▶ _EXERCISE_: Lines from the one containing "if 2**n <= h" through the end of the entries below: set them down exactly, both ends included, with nothing added.

▶ _DATA FOR THIS TASK_:

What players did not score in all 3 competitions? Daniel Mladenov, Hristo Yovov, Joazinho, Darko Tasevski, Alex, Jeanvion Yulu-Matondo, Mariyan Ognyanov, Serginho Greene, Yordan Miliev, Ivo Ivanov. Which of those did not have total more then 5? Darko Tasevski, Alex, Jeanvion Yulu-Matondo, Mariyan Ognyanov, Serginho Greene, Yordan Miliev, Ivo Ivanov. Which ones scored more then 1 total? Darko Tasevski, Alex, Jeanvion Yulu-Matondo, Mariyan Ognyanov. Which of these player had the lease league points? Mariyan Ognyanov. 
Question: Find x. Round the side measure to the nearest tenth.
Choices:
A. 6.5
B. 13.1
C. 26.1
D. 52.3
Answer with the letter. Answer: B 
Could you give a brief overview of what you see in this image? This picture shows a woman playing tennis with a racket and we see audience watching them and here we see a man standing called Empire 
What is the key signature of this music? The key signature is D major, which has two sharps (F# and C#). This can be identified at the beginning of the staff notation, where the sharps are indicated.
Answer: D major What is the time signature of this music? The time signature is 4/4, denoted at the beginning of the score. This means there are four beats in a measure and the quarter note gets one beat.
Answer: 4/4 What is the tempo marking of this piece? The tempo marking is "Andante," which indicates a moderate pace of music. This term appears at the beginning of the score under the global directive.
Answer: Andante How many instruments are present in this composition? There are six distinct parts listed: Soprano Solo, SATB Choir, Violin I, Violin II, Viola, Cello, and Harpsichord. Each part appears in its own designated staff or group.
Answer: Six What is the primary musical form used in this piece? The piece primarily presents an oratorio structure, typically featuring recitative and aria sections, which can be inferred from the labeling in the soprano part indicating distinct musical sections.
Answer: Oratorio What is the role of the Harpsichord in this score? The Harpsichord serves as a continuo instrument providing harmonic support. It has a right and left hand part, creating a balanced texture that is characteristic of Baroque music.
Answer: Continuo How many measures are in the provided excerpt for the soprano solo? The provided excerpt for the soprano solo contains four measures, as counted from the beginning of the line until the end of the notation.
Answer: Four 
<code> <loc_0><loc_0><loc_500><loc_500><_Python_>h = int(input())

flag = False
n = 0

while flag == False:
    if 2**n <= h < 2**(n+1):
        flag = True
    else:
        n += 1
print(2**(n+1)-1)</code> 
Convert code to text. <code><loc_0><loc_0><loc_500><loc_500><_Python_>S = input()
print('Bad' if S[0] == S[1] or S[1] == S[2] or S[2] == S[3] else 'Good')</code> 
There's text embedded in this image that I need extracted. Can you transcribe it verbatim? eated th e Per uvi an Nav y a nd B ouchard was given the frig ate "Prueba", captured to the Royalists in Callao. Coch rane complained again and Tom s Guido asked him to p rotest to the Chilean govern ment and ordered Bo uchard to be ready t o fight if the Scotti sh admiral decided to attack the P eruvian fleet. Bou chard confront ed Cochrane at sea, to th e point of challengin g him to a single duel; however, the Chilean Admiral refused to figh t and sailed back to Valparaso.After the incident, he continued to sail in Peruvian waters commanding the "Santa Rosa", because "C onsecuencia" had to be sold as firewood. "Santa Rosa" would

▶ _EXERCISE ANSWER_:
    if 2**n <= h < 2**(n+1):
        flag = True
    else:
        n += 1
print(2**(n+1)-1)</code> 
Convert code to text. <code><loc_0><loc_0><loc_500><loc_500><_Python_>S = input()
print('Bad' if S[0] == S[1] or S[1] == S[2] or S[2] == S[3] else 'Good')</code> 
There's text embedded in this image that I need extracted. Can you transcribe it verbatim? eated th e Per uvi an Nav y a nd B ouchard was given the frig ate "Prueba", captured to the Royalists in Callao. Coch rane complained again and Tom s Guido asked him to p rotest to the Chilean govern ment and ordered Bo uchard to be ready t o fight if the Scotti sh admiral decided to attack the P eruvian fleet. Bou chard confront ed Cochrane at sea, to th e point of challengin g him to a single duel; however, the Chilean Admiral refused to figh t and sailed back to Valparaso.After the incident, he continued to sail in Peruvian waters commanding the "Santa Rosa", because "C onsecuencia" had to be sold as firewood. "Santa Rosa" would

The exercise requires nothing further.